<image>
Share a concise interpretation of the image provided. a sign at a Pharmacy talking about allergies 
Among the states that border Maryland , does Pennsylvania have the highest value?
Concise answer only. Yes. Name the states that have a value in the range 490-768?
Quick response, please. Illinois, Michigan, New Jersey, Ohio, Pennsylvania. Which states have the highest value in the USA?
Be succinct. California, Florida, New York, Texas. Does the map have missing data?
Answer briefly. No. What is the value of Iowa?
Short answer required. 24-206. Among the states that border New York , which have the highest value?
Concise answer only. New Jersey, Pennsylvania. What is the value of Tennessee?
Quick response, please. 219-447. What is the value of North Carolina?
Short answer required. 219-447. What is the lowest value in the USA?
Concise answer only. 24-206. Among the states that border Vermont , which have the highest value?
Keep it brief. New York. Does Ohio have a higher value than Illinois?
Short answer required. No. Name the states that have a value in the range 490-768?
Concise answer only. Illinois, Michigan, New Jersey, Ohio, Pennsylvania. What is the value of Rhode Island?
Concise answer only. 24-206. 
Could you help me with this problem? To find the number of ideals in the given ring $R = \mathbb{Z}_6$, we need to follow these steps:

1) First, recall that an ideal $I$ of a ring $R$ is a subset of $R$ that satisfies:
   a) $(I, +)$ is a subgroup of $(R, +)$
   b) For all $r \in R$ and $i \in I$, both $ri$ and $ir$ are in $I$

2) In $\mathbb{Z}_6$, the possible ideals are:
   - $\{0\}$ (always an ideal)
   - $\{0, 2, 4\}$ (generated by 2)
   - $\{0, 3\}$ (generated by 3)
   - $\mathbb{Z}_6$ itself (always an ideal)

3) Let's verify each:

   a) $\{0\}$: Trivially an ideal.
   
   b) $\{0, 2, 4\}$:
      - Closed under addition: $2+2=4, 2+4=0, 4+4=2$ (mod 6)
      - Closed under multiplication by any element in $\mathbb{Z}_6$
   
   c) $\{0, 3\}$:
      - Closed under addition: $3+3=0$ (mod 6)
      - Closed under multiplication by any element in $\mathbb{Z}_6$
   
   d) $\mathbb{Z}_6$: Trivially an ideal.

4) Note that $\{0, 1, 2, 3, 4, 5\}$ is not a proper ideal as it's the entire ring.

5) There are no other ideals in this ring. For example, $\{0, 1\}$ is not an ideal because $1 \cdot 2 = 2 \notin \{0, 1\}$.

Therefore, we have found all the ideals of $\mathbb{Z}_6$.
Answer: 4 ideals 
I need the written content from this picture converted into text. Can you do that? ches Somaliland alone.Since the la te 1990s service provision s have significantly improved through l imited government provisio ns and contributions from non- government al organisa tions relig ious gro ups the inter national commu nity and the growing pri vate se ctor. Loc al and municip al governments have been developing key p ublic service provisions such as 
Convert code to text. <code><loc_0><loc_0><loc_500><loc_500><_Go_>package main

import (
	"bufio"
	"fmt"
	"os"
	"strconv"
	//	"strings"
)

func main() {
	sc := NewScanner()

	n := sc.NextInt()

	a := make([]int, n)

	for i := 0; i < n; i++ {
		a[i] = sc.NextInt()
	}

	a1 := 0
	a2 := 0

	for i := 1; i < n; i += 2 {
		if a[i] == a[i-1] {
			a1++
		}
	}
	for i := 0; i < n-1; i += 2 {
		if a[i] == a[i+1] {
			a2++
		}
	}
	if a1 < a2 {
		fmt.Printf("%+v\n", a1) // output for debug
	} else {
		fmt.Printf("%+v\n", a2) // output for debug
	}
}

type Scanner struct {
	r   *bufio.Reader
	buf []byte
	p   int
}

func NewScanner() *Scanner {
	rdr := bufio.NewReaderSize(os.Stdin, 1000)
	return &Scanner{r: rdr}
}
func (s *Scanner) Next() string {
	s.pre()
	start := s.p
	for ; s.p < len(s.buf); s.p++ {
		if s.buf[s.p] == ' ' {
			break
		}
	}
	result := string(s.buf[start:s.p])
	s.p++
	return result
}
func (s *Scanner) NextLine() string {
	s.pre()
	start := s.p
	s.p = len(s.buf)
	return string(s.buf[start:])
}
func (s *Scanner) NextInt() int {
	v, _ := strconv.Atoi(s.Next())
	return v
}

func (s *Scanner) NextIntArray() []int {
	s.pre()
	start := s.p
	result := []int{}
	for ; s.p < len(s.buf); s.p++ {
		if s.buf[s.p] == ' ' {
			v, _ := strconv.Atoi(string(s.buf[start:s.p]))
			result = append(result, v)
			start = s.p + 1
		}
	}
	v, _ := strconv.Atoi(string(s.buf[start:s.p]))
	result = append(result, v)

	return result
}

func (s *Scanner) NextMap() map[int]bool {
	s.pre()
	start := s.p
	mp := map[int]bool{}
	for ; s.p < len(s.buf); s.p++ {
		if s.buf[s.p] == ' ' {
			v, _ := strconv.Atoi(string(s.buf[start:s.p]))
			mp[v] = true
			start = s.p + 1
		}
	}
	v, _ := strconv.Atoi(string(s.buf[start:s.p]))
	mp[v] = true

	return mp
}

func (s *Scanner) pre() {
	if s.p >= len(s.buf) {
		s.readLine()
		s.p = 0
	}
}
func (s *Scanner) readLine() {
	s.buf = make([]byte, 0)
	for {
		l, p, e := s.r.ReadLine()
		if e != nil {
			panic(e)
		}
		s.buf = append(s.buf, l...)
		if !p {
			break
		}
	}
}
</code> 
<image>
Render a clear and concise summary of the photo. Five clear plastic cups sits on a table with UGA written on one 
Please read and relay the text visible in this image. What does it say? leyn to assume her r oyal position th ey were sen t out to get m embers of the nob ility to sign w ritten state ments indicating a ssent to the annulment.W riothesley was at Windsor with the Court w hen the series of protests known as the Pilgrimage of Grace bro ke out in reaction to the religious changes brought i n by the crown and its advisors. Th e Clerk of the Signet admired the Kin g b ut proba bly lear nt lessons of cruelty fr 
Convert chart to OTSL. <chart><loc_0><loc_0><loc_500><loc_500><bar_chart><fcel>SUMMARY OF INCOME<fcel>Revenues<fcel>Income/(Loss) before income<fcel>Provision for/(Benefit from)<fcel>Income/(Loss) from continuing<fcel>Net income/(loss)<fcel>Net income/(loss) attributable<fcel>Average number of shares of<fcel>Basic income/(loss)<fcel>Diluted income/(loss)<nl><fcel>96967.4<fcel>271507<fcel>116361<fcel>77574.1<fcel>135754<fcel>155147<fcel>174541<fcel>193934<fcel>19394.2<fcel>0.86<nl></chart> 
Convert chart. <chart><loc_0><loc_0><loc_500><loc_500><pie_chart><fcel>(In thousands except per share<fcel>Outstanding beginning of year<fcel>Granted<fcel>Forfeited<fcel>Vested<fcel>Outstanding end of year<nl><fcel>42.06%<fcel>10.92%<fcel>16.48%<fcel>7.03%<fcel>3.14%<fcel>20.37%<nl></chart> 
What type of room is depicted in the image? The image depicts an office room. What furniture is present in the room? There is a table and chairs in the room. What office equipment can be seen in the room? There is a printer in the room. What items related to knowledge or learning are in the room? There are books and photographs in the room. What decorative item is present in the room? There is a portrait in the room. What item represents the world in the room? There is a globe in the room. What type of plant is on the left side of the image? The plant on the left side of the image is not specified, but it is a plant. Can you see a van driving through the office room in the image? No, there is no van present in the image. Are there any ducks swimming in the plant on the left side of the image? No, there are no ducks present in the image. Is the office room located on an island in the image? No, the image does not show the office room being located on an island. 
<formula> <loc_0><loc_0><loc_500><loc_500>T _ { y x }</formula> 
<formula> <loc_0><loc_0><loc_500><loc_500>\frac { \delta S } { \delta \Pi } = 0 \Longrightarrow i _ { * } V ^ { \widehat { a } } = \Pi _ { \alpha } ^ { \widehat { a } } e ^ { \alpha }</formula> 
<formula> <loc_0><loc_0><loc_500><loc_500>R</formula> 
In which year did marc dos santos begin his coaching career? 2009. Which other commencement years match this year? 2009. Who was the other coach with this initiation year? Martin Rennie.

-*-*-

• _ASSIGNMENT_
Every line with the string "Among" in the material should be returned.

• _RESULT FOR THIS TASK_
Among the states that border Maryland , does Pennsylvania have the highest value?
Short answer required. 24-206. Among the states that border New York , which have the highest value?
Concise answer only. 24-206. Among the states that border Vermont , which have the highest value?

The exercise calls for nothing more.